玛丽嬷嬷下了判决,不顾她“我有异议”的抗议,让两个戒律堂的人把她一把抄起,像拎一只小鸡,不由分说丢进禁闭室。禁闭室很小,日光透过一个小窗透进地面上,没有灯和桌椅,只有纸笔,大概是要她跪地抄写的意思。
安叙会听话就有个鬼了。
门上有铁栓,窗上铁栅栏,规格和单人监狱没什么不同。她在小隔间里走了一圈,确定没法出去,便把纸笔放到一边,一屁股坐到地上。阴冷的地面不适合躺平,打坐那样坐着还好。如之前所说,安叙是个一个人呆着特别开心的死宅,现在虽然没有电脑,但是她有个升级了内存的大脑啊!
从冥想成功开始,她一直忙着背书和研究记忆图书馆,还没空好好冥想。禁闭室无人打扰,还有人定时送饭,正适合她闭个关。安叙闭上眼睛,保持着打坐的姿势沉入冥想当中,宇宙包裹着她,那种感觉如同归家。
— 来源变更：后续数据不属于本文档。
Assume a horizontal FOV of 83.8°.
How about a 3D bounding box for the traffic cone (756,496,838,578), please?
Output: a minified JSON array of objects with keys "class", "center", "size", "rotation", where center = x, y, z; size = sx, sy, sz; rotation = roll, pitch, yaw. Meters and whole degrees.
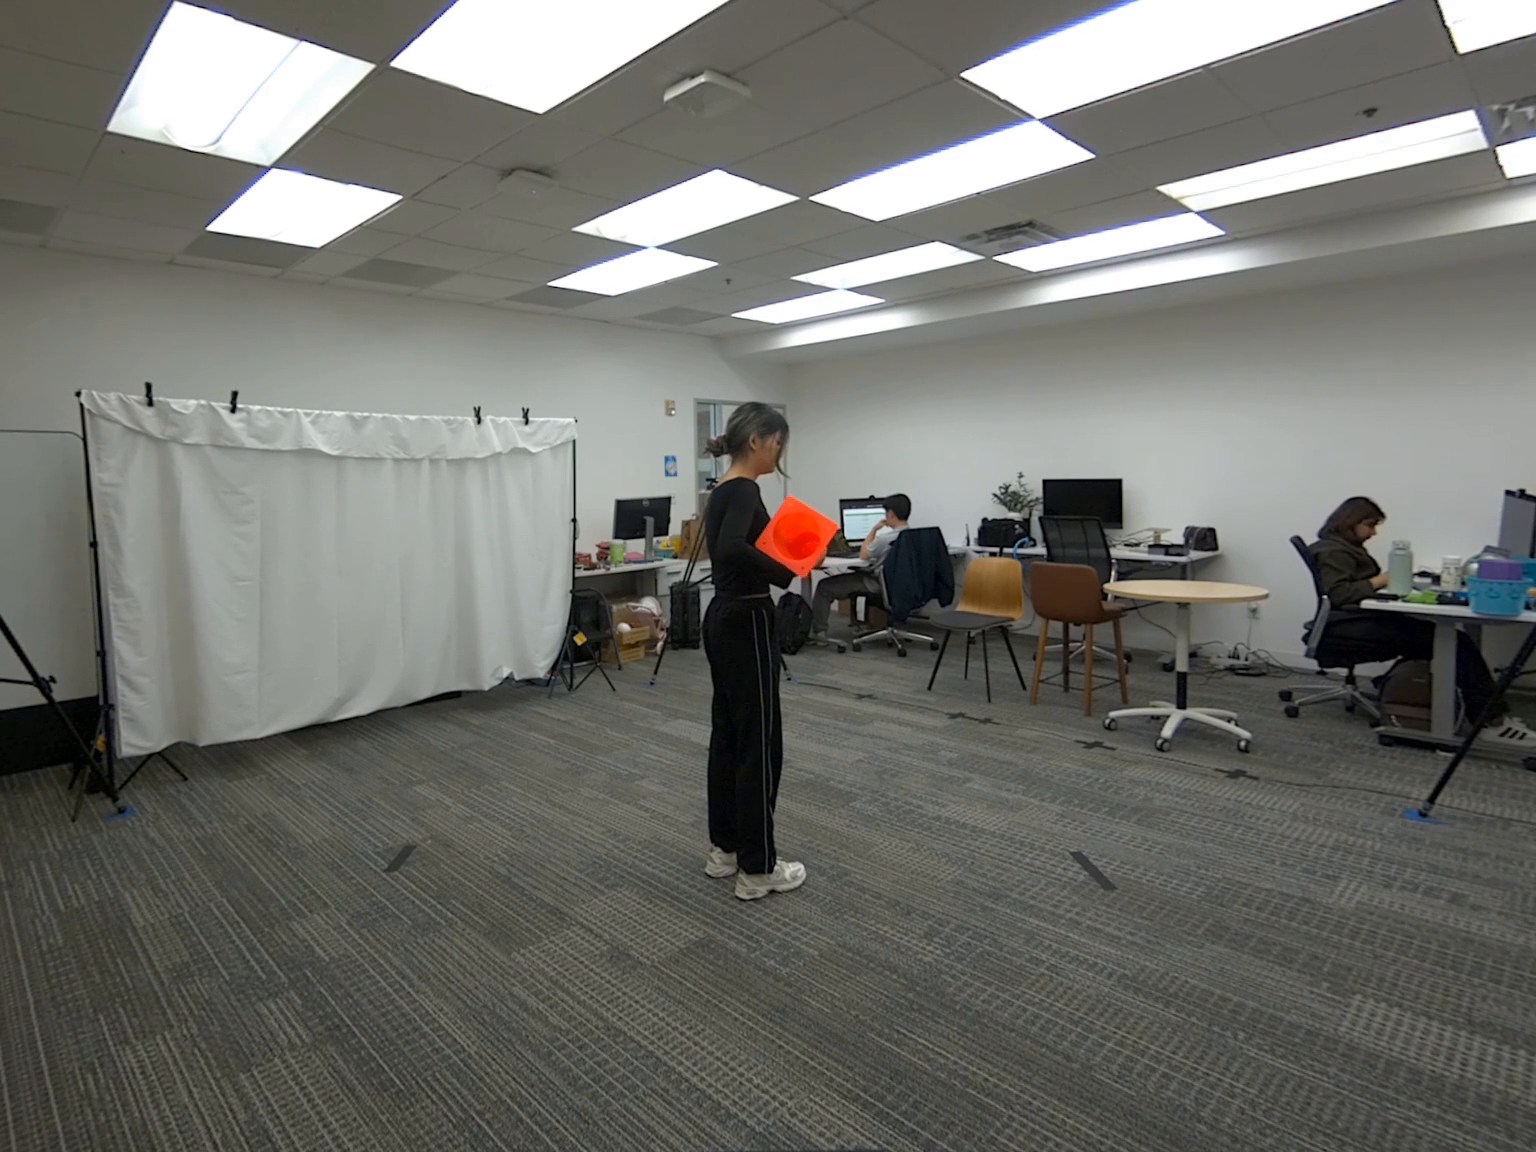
[{"class":"traffic cone","center":[0.126,-0.097,2.855],"size":[0.209,0.203,0.375],"rotation":[33,-1,15]}]

冥想的操作本身很难用语言形容,仿佛沉入精神之海,寻找海中七零八落的珊瑚,把它们捋顺或拼接起来。你在自己的精神之海中灵活如游鱼,但依然不能抵抗海浪的大势,只能顺流而行。安叙寻找着潮汐的规律,让上涨或下退的浪将她一次次推得更远,一旦找到了窍门,这种努力和借助地心引力让自己在秋千上越荡越高一样简单。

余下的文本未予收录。